A livello di singola denominazione, la crescita più consistente l’ha ottenuta il Prosecco, comprensivo della Doc Prosecco, della Docg del Conegliano Valdobbiadene e dell’Asolo. Nel biennio le tre denominazioni hanno messo a segno una crescita del 27,2% sul 2019 a quota 752,7 milioni di bottiglie vendute nel 2021. Risultati consistenti sono stati ottenuti anche da Barolo (+27%), Brunello di Montalcino (+40%), Gavi (+23%), Venezia Doc (23%), Orvieto (+17%), Franciacorta (+12%), Chianti Classico (+11%), Delle Venezie (+11%), Nobile di Montepulciano (+10 per cento).
In termini di valore complessivo dell’imbottigliato certificato, nel 2021 sono stati oltrepassati i 9,43 miliardi di euro, cifra superiore di oltre 1,34 miliardi al dato del 2019. La graduatoria del valore è guidata dal Prosecco Doc, con circa 2,7 miliardi, seguita dal Delle Venezie Doc con 1,06 miliardi e dal Conegliano Valdobbiadene con 623 milioni. Seguono poi Franciacorta, Asti, Chianti Classico, Brunello, i cui valori sono compresi tra i 350 e i 200 milioni di euro.

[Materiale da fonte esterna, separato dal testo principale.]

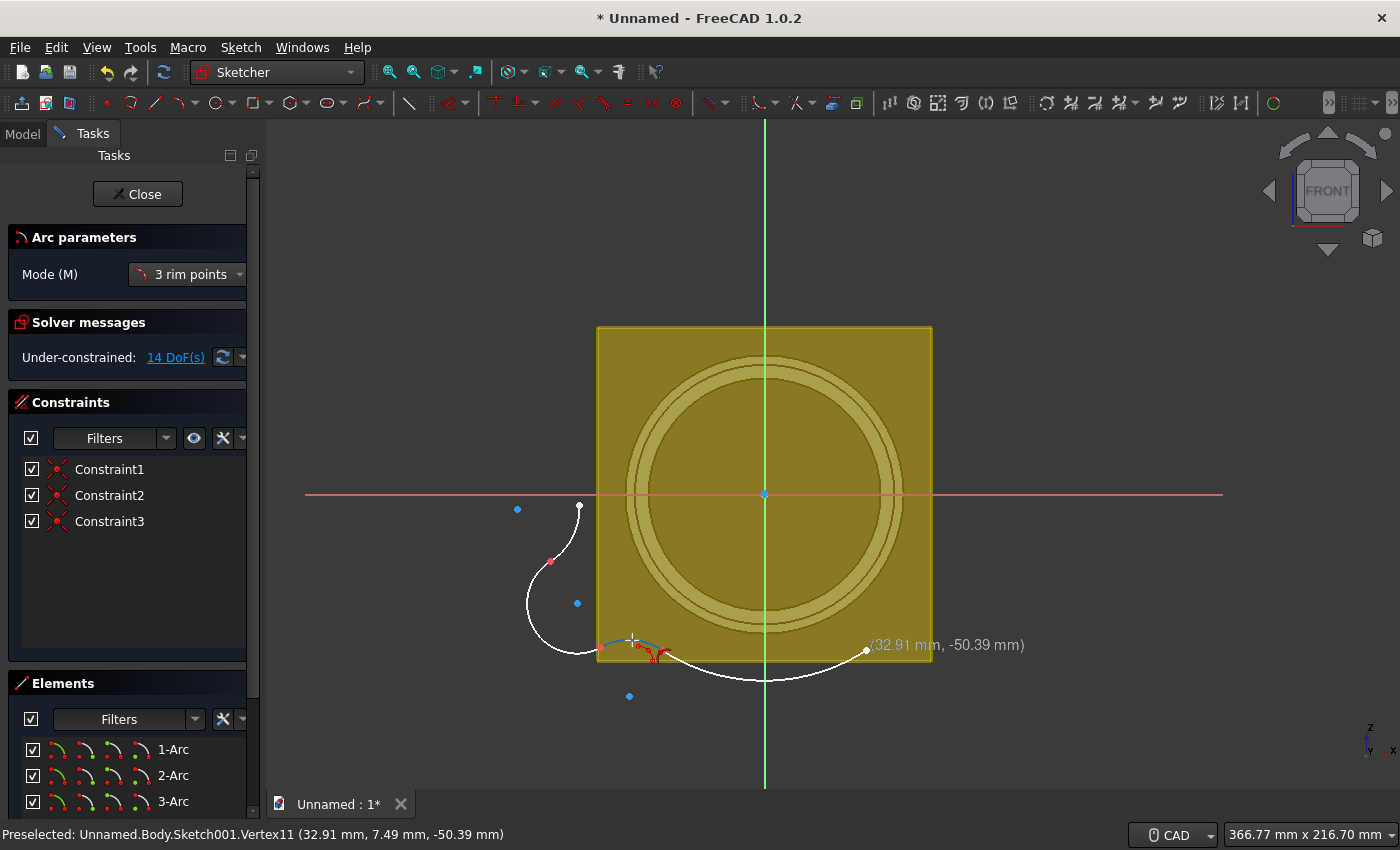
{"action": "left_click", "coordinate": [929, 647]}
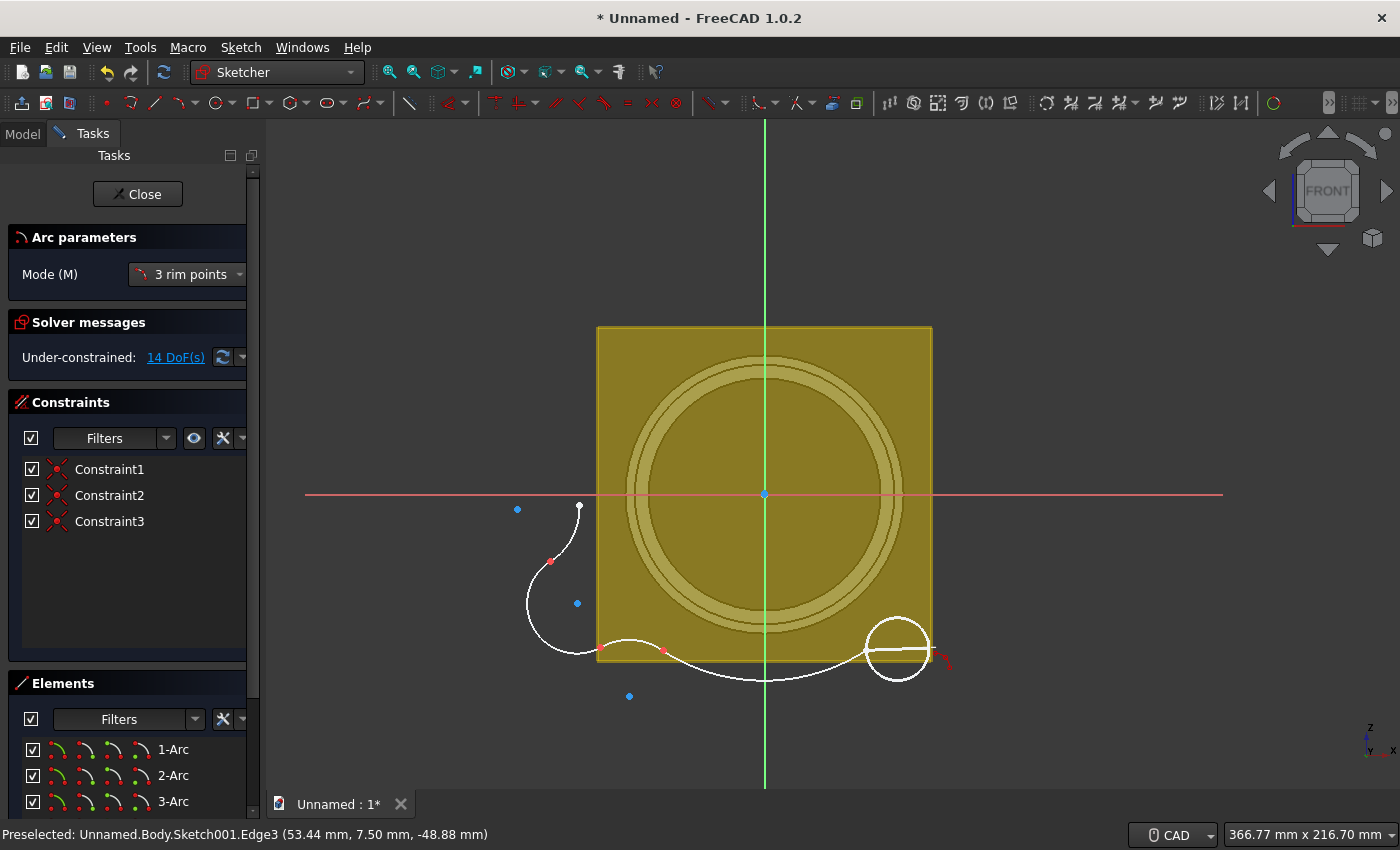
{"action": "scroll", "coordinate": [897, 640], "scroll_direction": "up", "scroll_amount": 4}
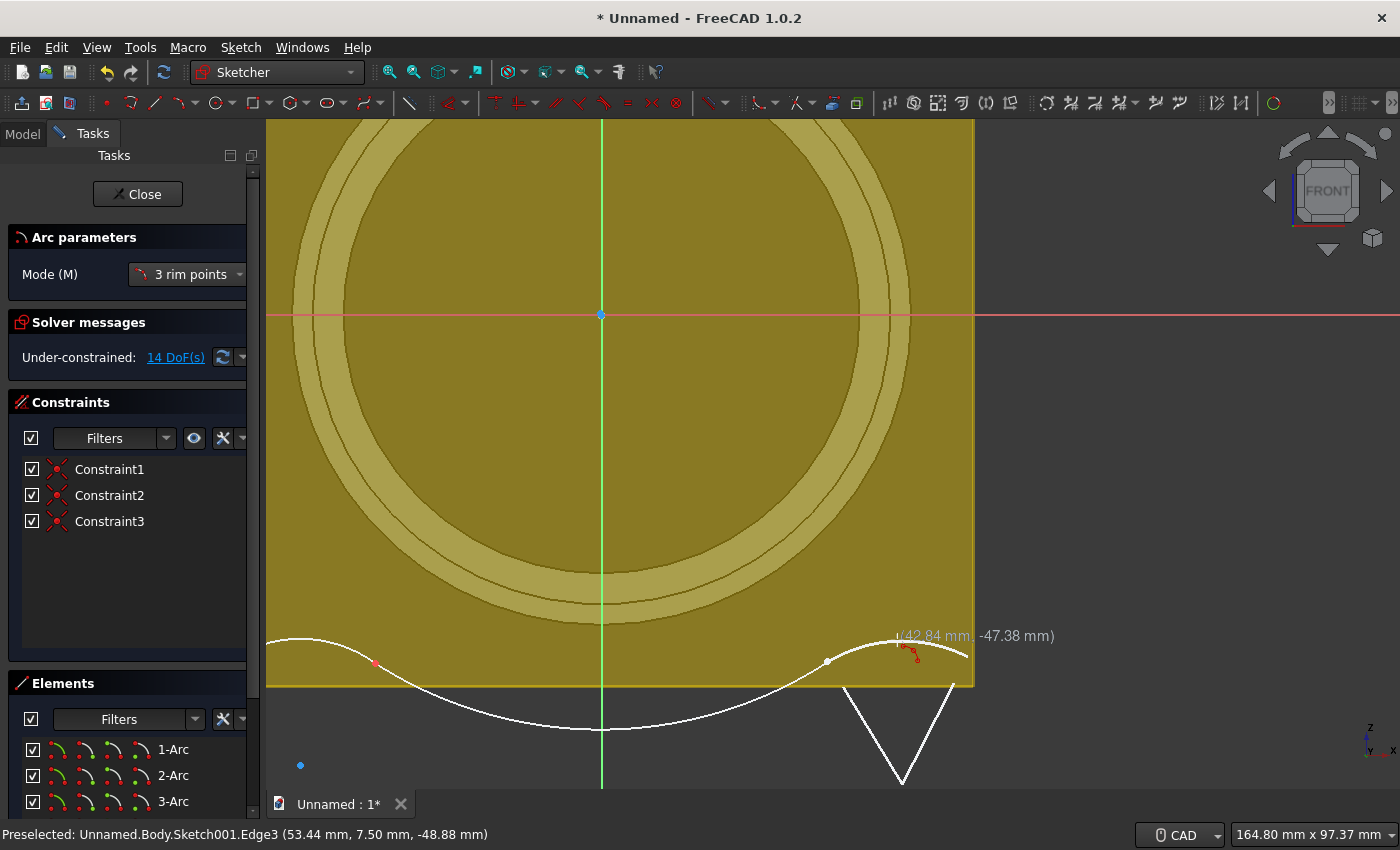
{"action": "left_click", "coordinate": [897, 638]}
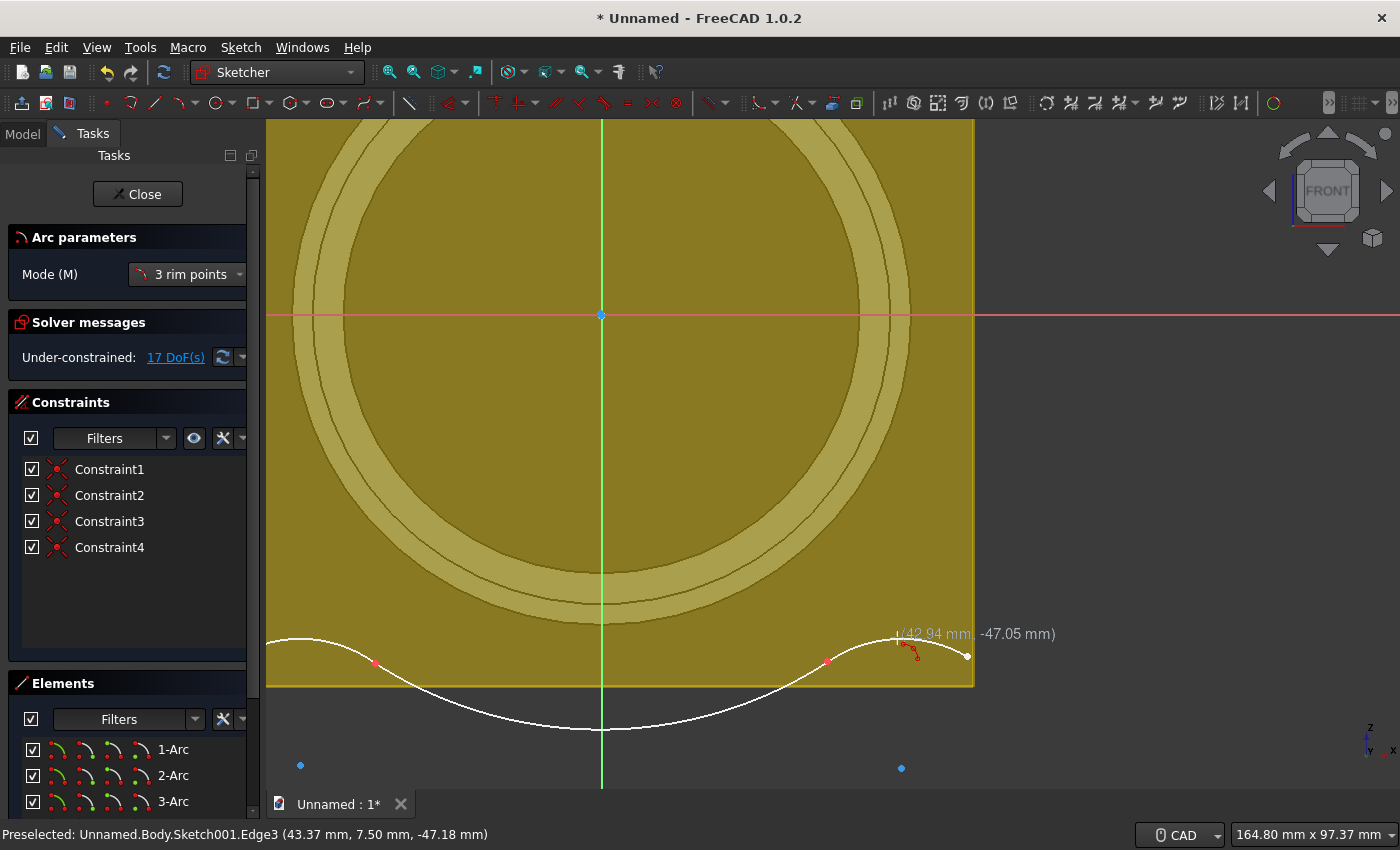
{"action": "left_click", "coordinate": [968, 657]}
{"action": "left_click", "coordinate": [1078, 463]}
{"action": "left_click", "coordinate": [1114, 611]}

Su 218 denominazioni certificate, le prime 20 concentrano ben l’82% del valore e le prime 50 superano il 95%, mentre le ultime 100 ottengono uno 0,46 per cento. “Ciò significa – spiega Liantonio – che l’ossatura produttiva ed economica della viticultura italiana è rappresentata da poche decine di denominazioni ben strutturate e organizzate, mentre molte altre decine, se non centinaia, giocano un ruolo marginale se non di pura testimonianza”.